International career^{‡}
- 2022: Trinidad and Tobago / 1 / (0)

= Michael Kedman =

Footballer (born 1996)

Michael Kedman (born 16 December 1996) is a professional footballer who plays as a full-back or winger for Maharlika. Born in England, he represents the Trinidad and Tobago national team at international level.

==Club career==
As a youngster, Kedman played for Chelsea, West Ham United and Sheffield United.
Kedman then started his journey abroad playing in Belgium, Trinidad & Tobago and Spain. In October 2019, he joined Gamma Ethniki side Zakynthos. In August 2020, he joined Icelandic side Fylkir. The following year, he returned to England to join National League South side Dartford, making his debut in September 2021 in an FA Cup. In April 2022, he returned to Iceland to join newly promoted side Þróttur Vogum.

Following a short spell with AaB in Denmark, Kedman returned to England in October 2023 with National League South club Havant & Waterlooville.

In February 2024 he moved to Folkestone Invicta before joining Connah's Quay Nomads in January 2025 after training with the club the previous month.

On 14 September 2025, Kedman made his debut for Philippines Football League side Stallion Laguna.

On 15 March 2026, Kedman debuted for TOPLYGA side Riteriai, coming on as a second-half substitute in a defeat against Panevėžys.

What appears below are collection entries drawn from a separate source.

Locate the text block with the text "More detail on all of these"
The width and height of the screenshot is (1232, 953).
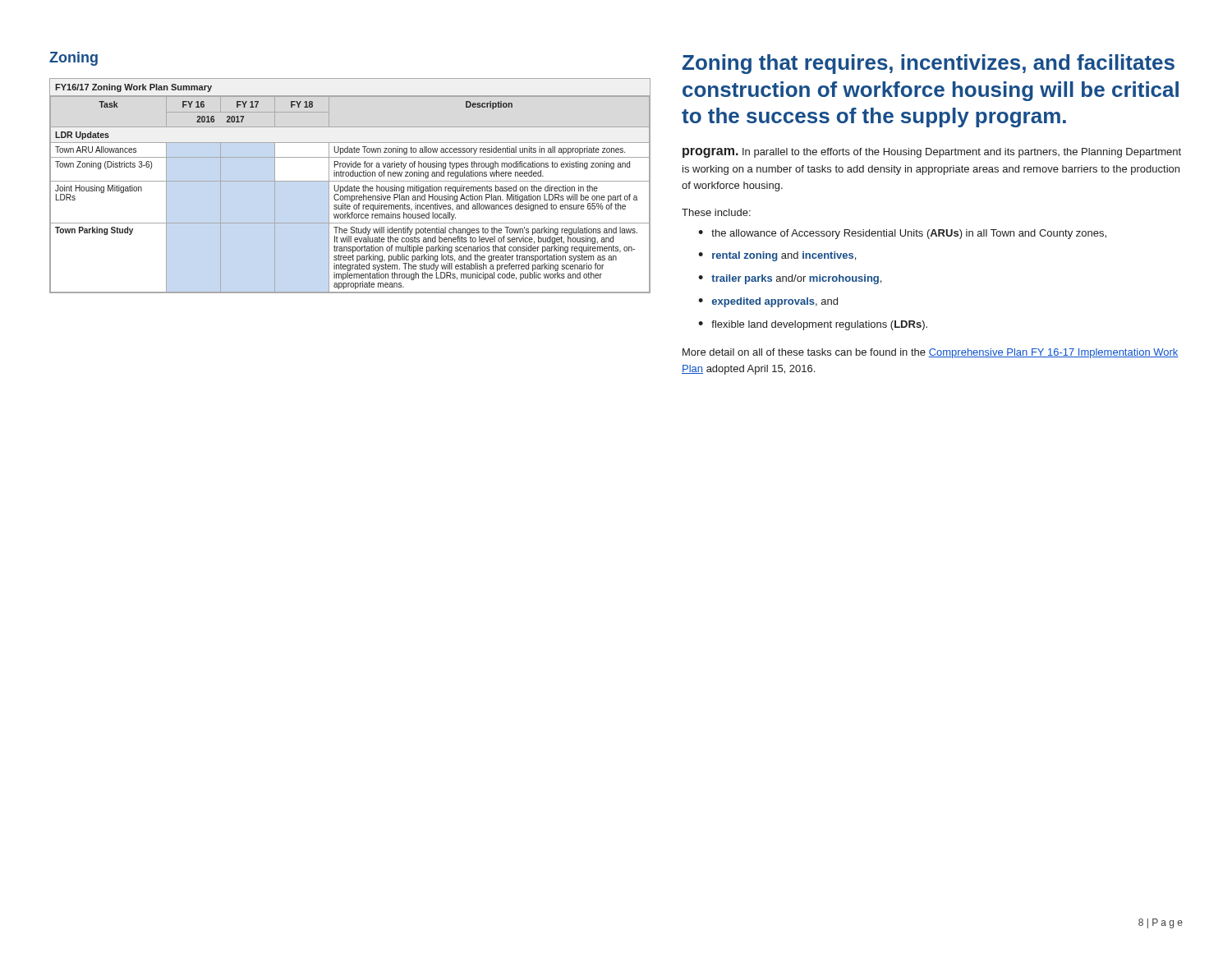[x=930, y=360]
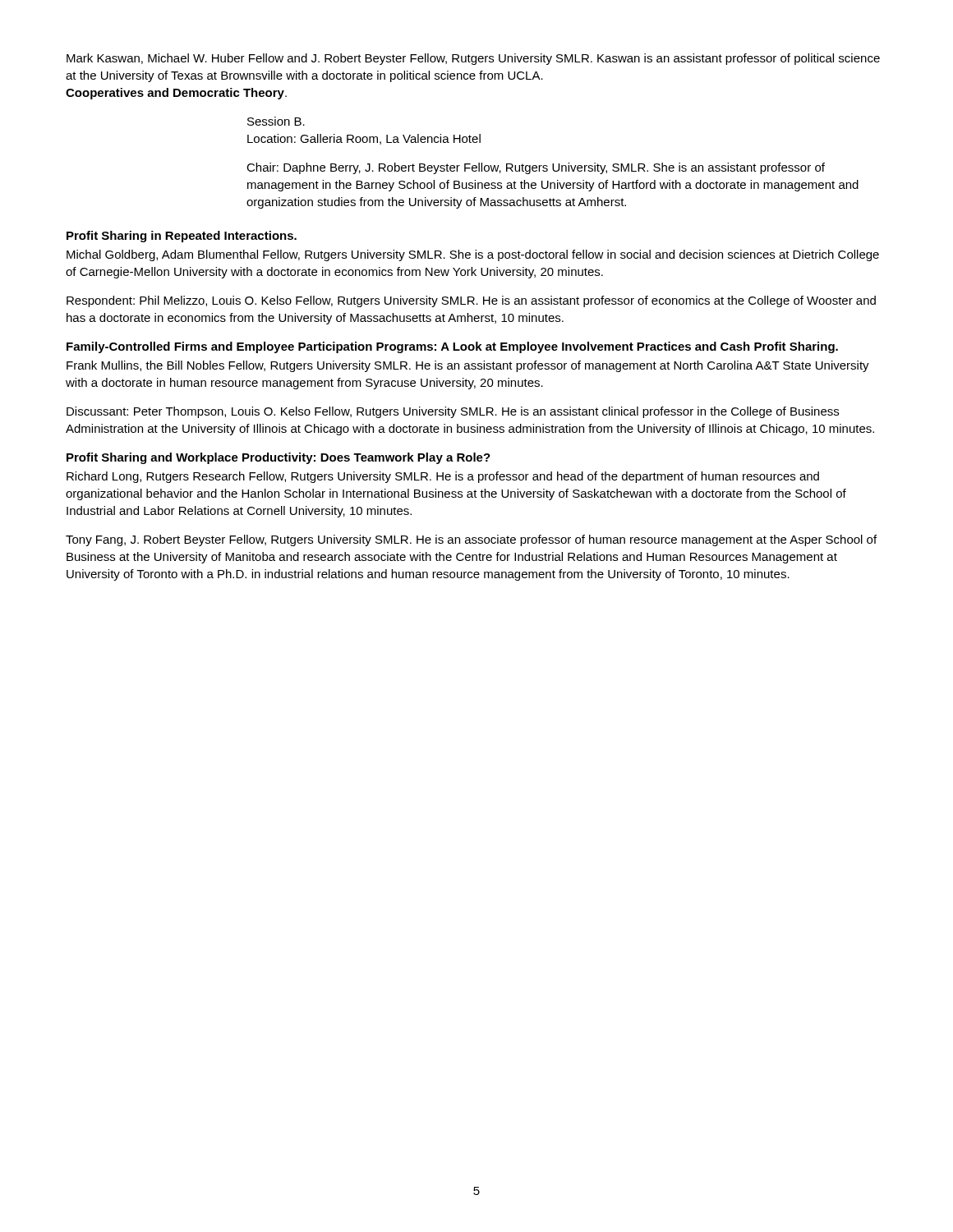Find the block starting "Frank Mullins, the Bill"
This screenshot has width=953, height=1232.
(467, 374)
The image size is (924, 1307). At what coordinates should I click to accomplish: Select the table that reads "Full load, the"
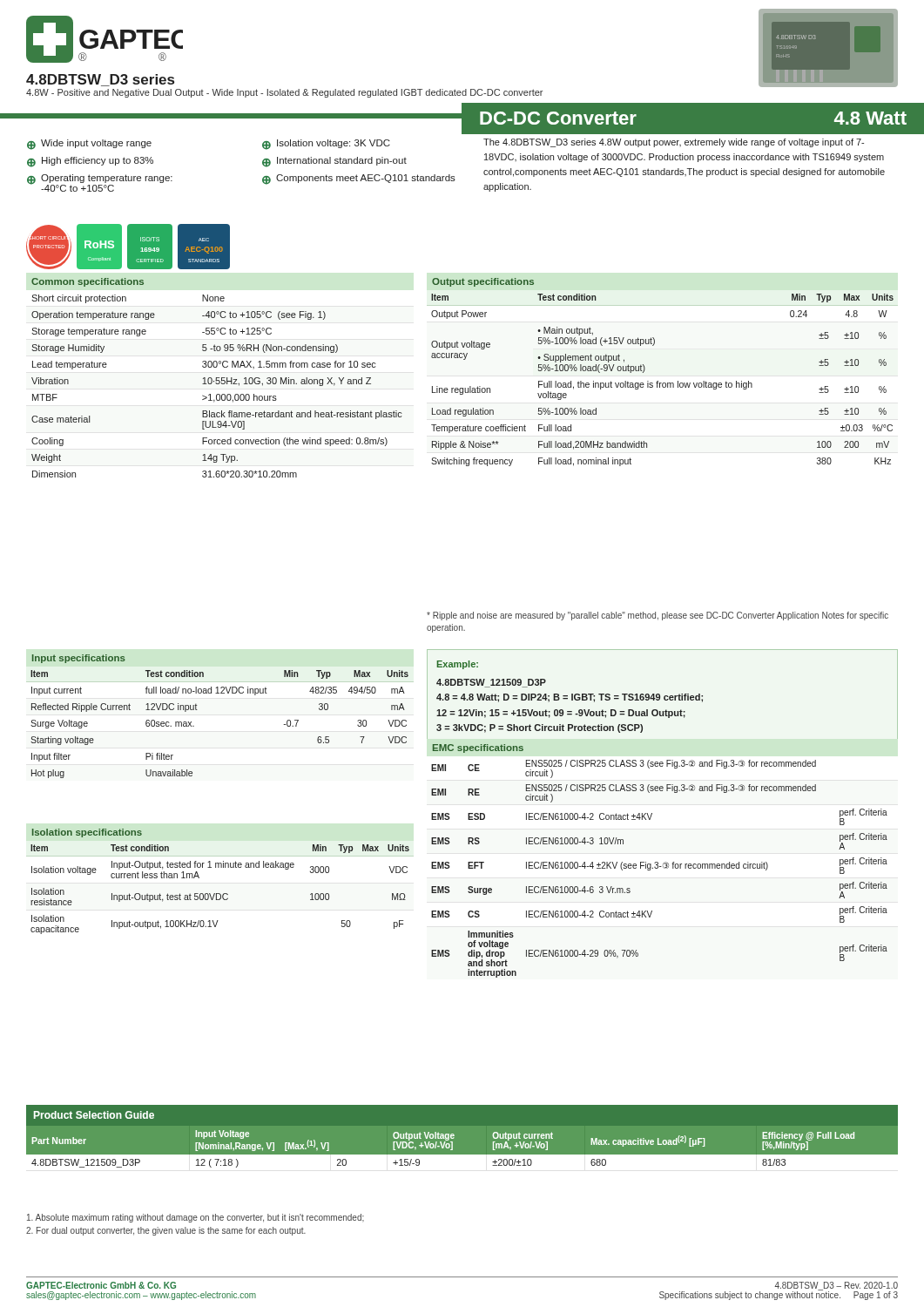pos(662,371)
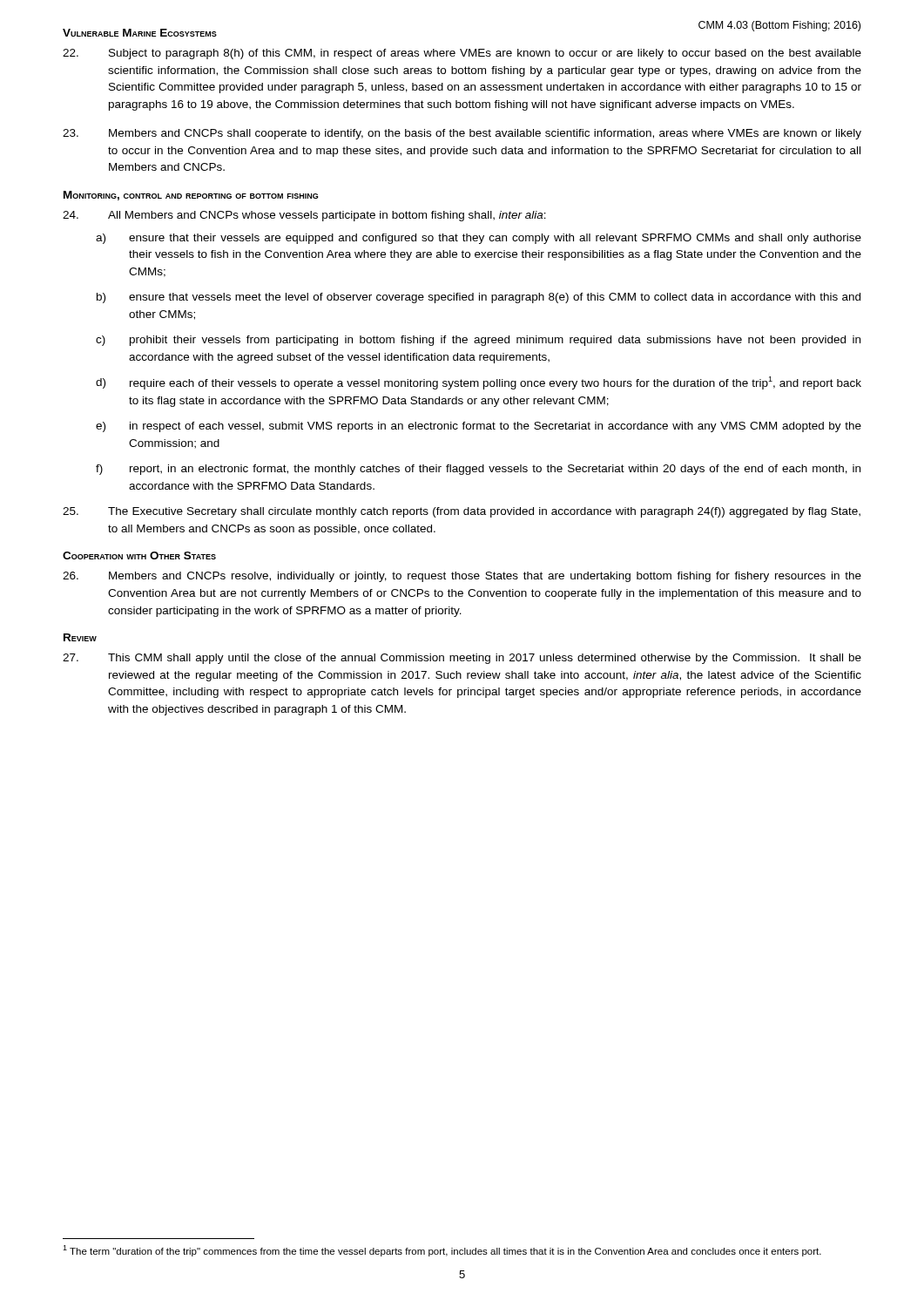Find the passage starting "Vulnerable Marine Ecosystems"
Screen dimensions: 1307x924
point(140,33)
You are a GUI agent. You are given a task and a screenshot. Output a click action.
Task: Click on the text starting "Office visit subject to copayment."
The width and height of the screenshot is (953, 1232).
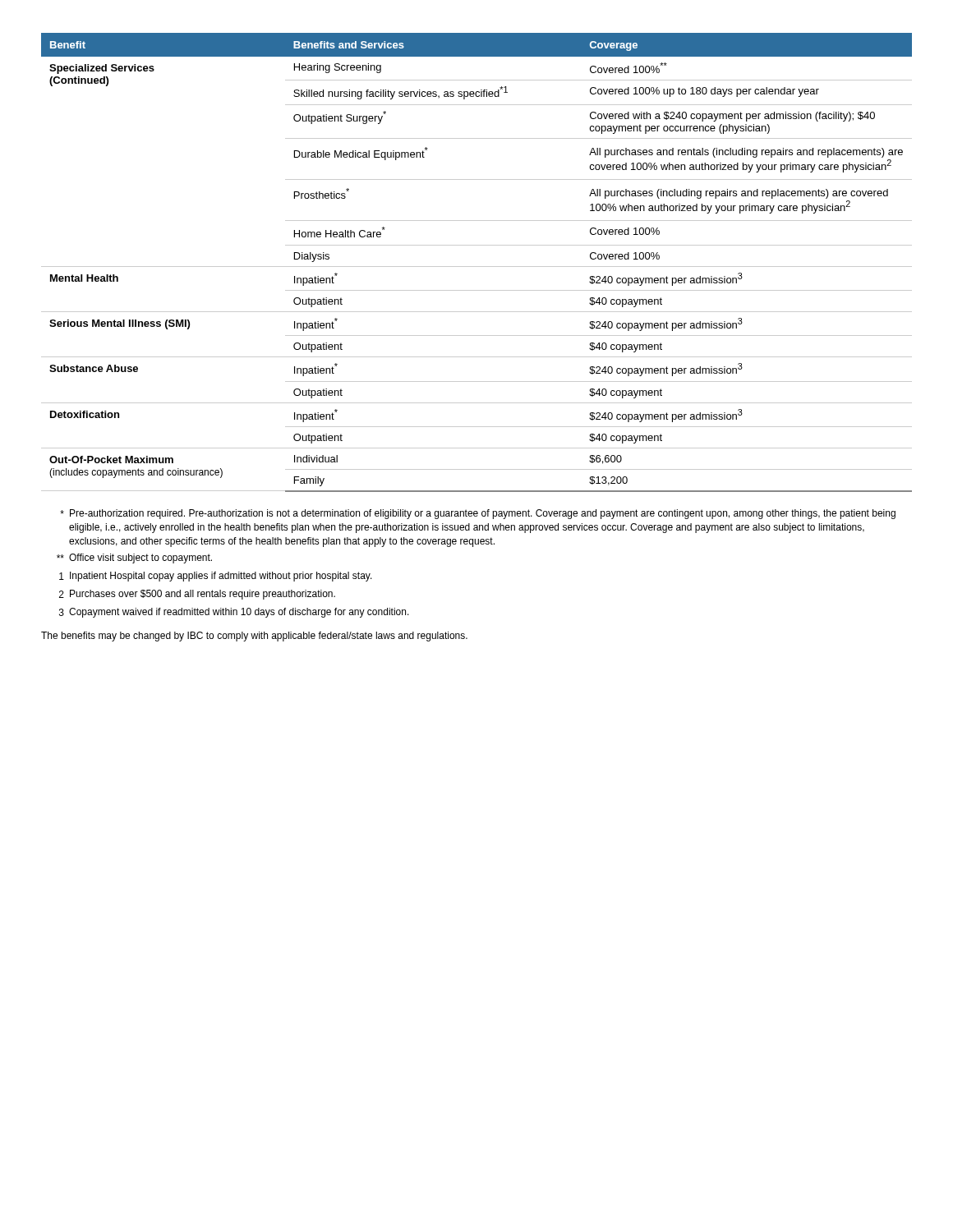click(134, 559)
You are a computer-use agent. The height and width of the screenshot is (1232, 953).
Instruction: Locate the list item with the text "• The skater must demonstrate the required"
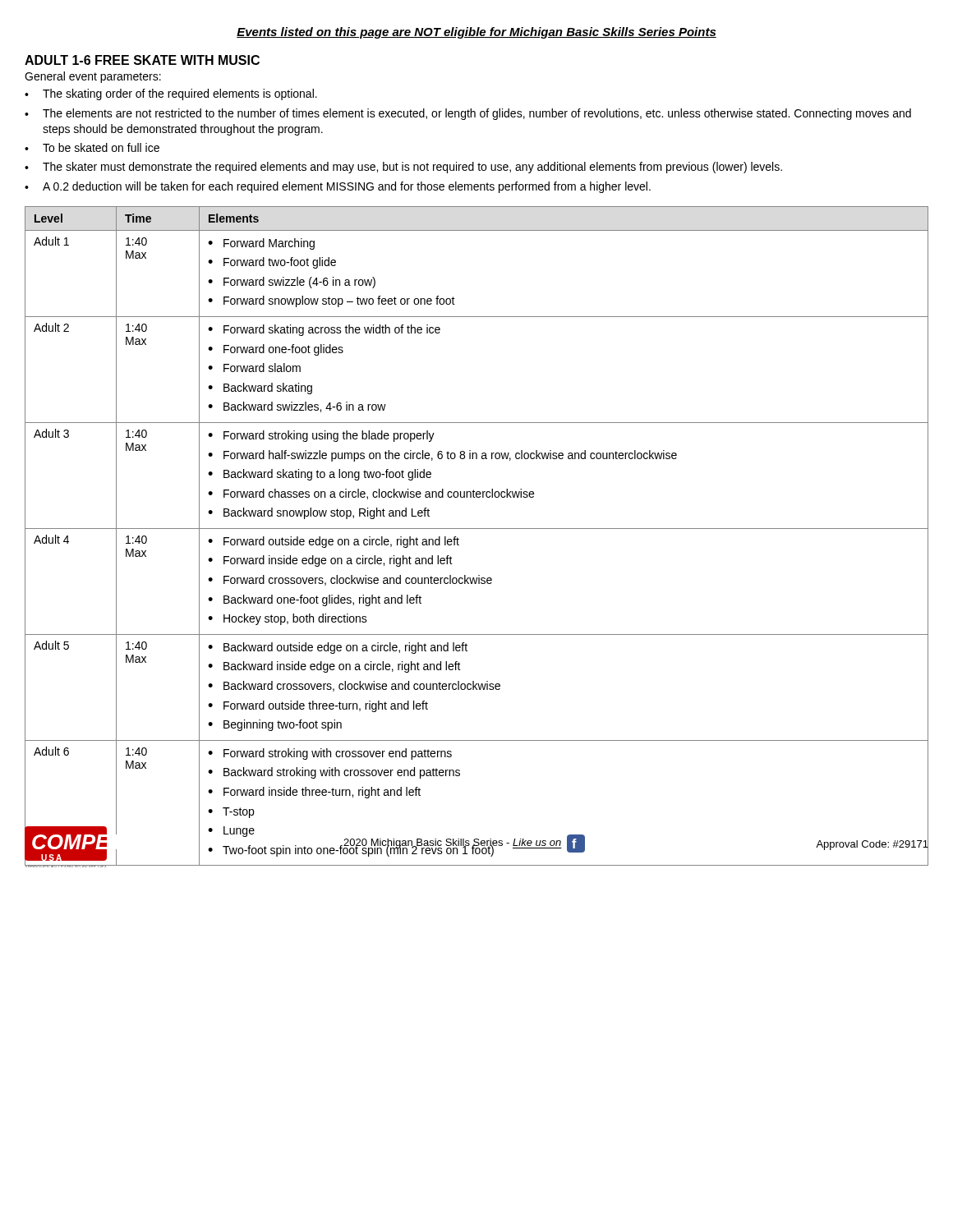[404, 168]
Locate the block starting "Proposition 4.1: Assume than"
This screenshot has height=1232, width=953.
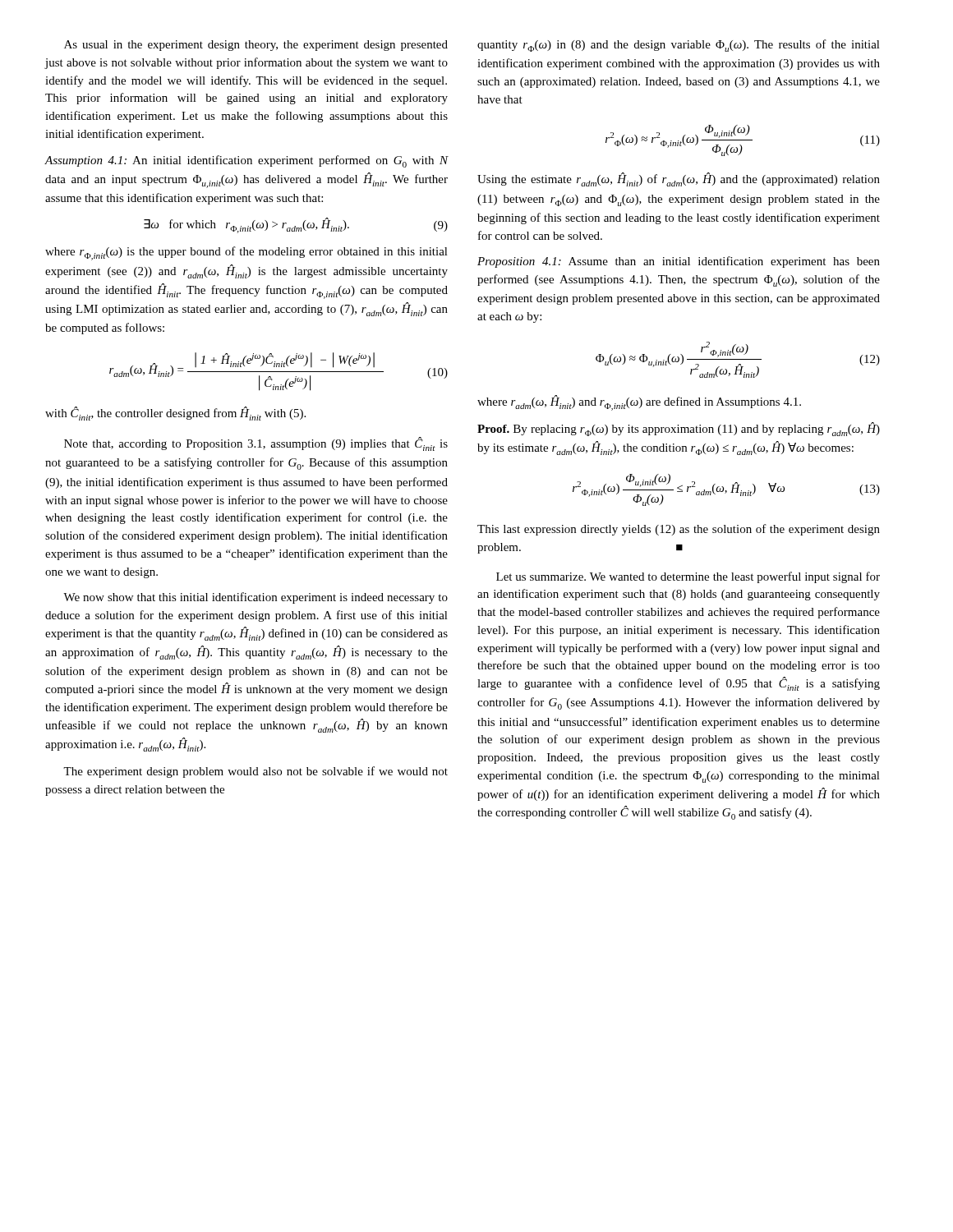[679, 290]

On 26 August 2026, Kedman returned to the Philippines to sign for Maharlika.

==International career==
On 4 June 2022, Kedman made his senior international debut for Trinidad and Tobago as a substitute in a 2–1 defeat to Nicaragua in a CONCACAF Nations League match.

==Writing career==
Kedman released a book in March 2021 titled 'Failure is Success'.